[Items listed in a dataset]
======

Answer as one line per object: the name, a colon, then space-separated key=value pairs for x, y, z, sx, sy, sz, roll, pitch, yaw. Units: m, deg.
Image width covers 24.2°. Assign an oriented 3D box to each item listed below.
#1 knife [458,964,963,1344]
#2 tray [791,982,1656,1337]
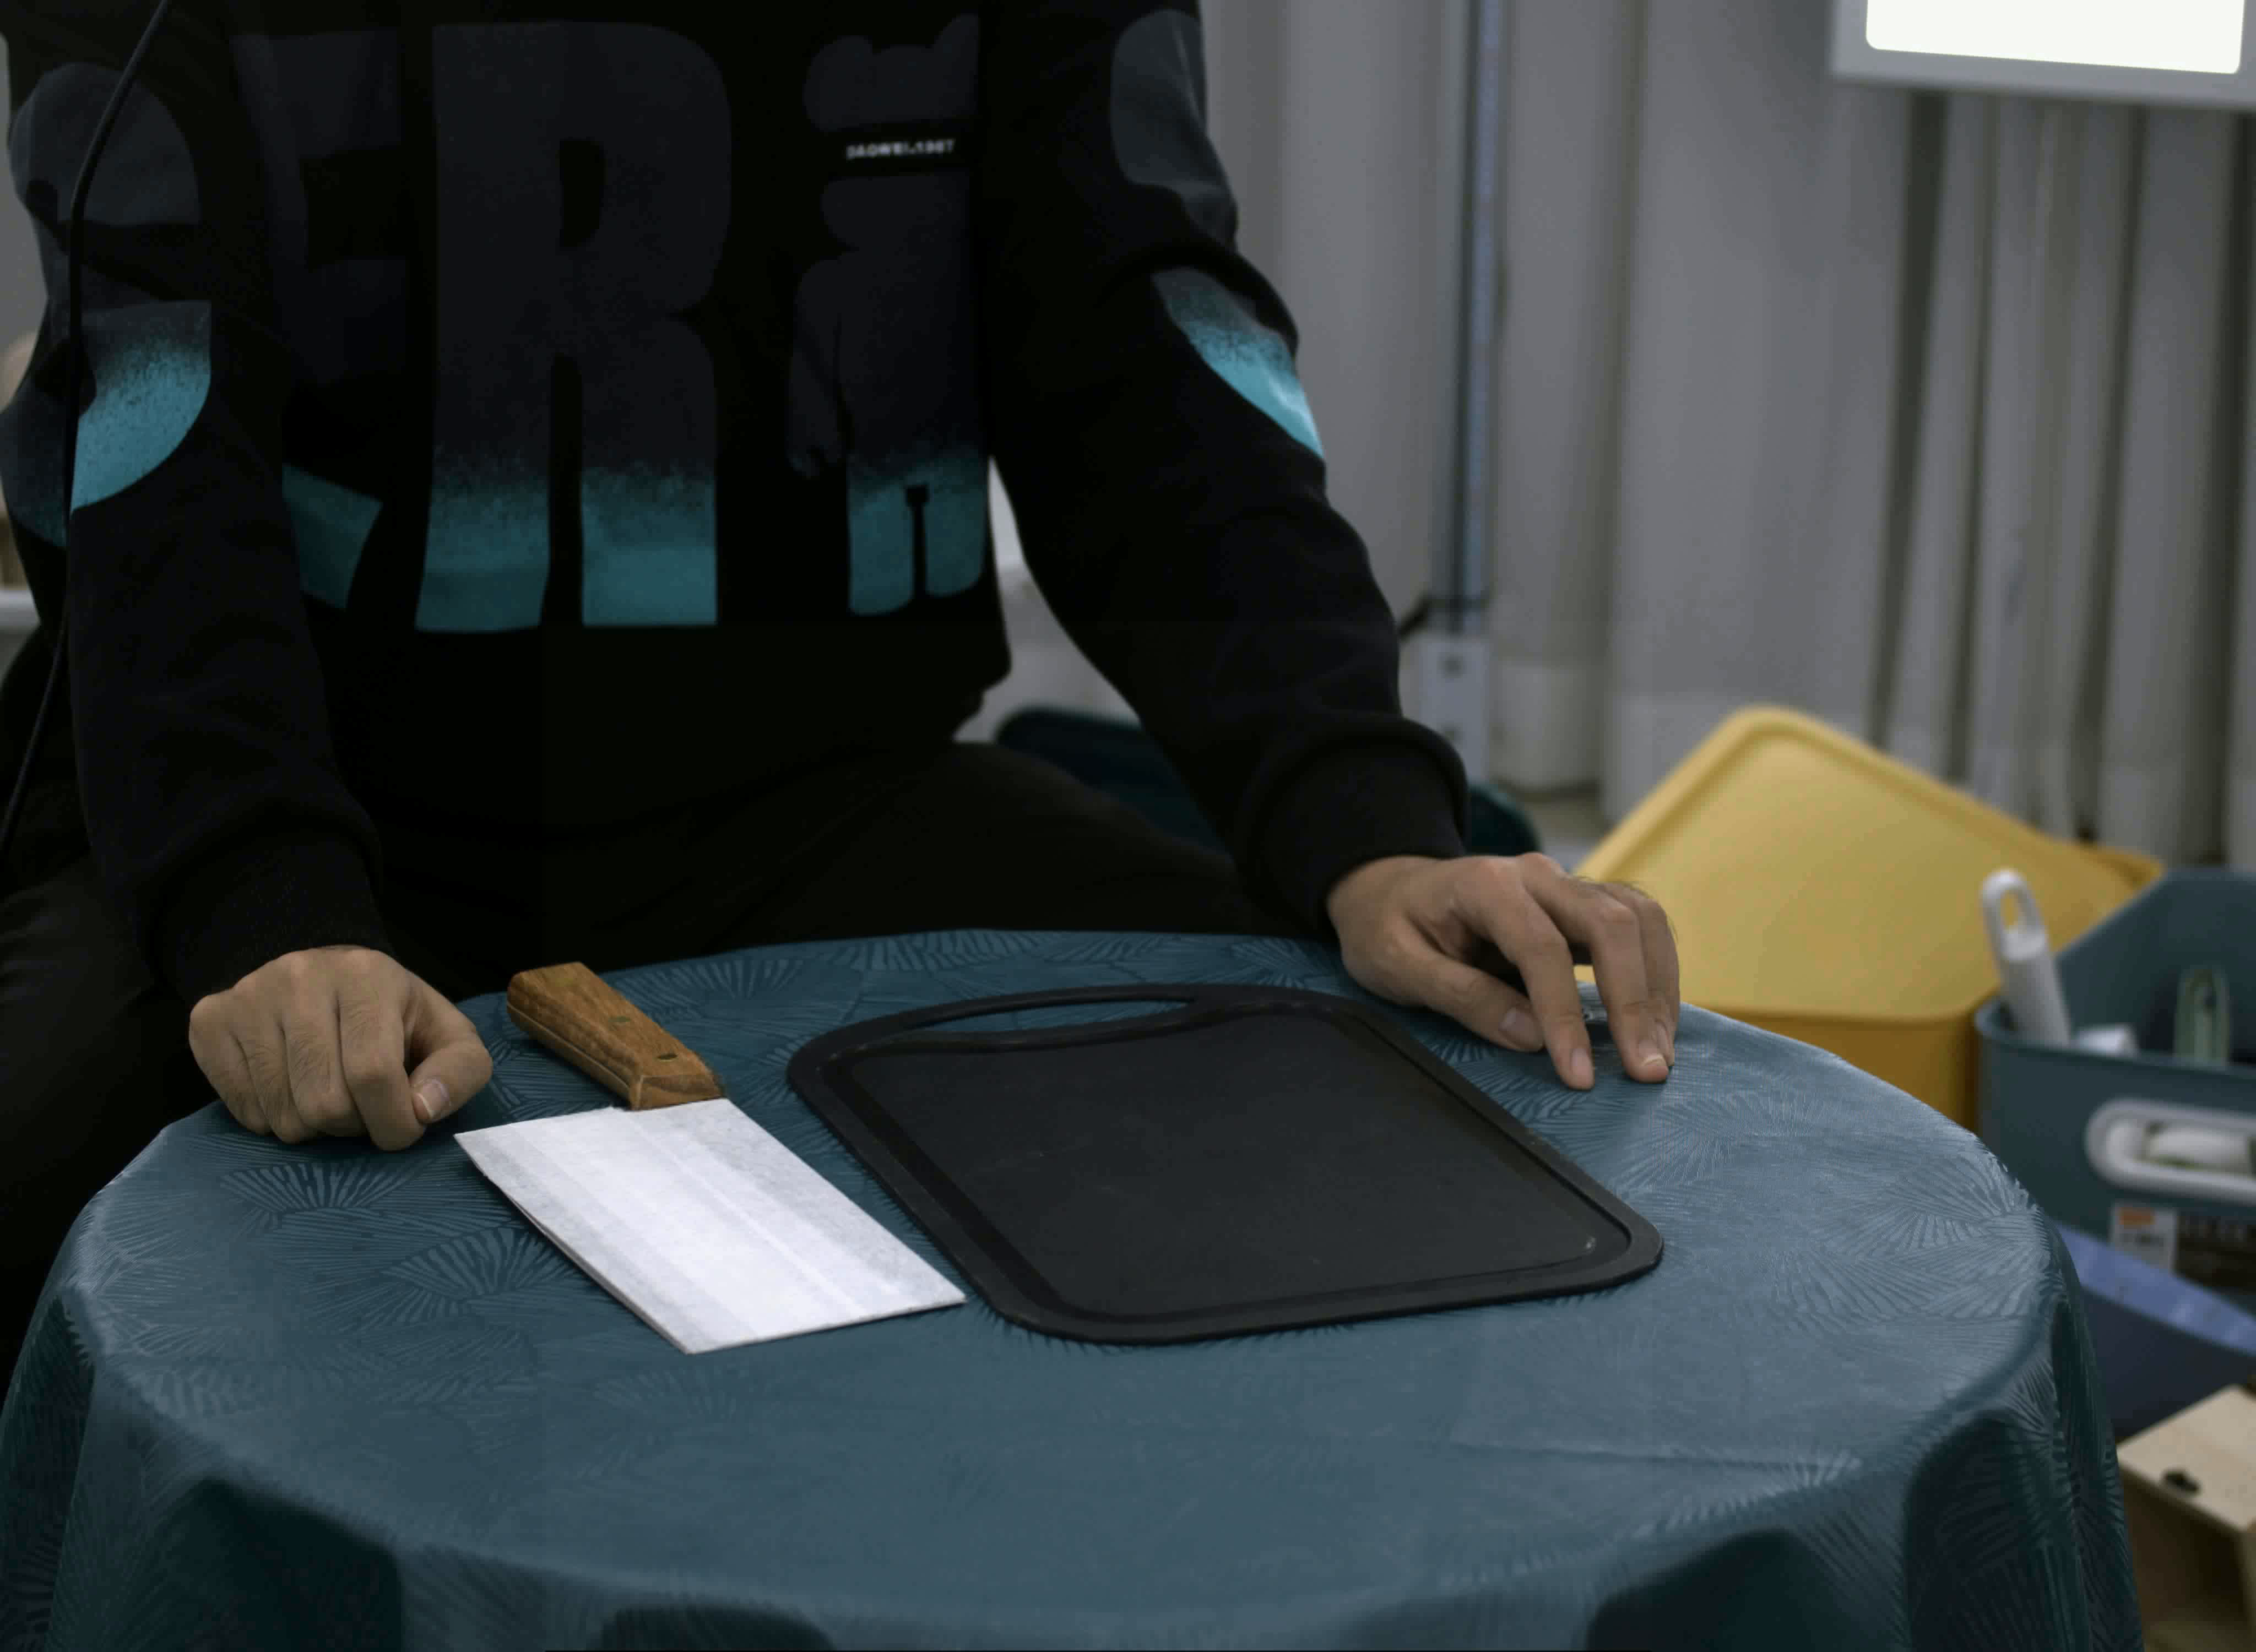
knife: x=-0.153 y=0.101 z=1.632 sx=0.093 sy=0.021 sz=0.302 roll=-9 pitch=20 yaw=-26
tray: x=0.020 y=0.097 z=1.663 sx=0.211 sy=0.010 sz=0.322 roll=-5 pitch=17 yaw=-18

======

• Work request: In the data above, find the line with "Image width covers" and repeat it and every line after it through the end, exactly; leave the pictures out.

• The answer:
Image width covers 24.2°. Assign an oriented 3D box to each item listed below.
#1 knife [458,964,963,1344]
#2 tray [791,982,1656,1337]
knife: x=-0.153 y=0.101 z=1.632 sx=0.093 sy=0.021 sz=0.302 roll=-9 pitch=20 yaw=-26
tray: x=0.020 y=0.097 z=1.663 sx=0.211 sy=0.010 sz=0.322 roll=-5 pitch=17 yaw=-18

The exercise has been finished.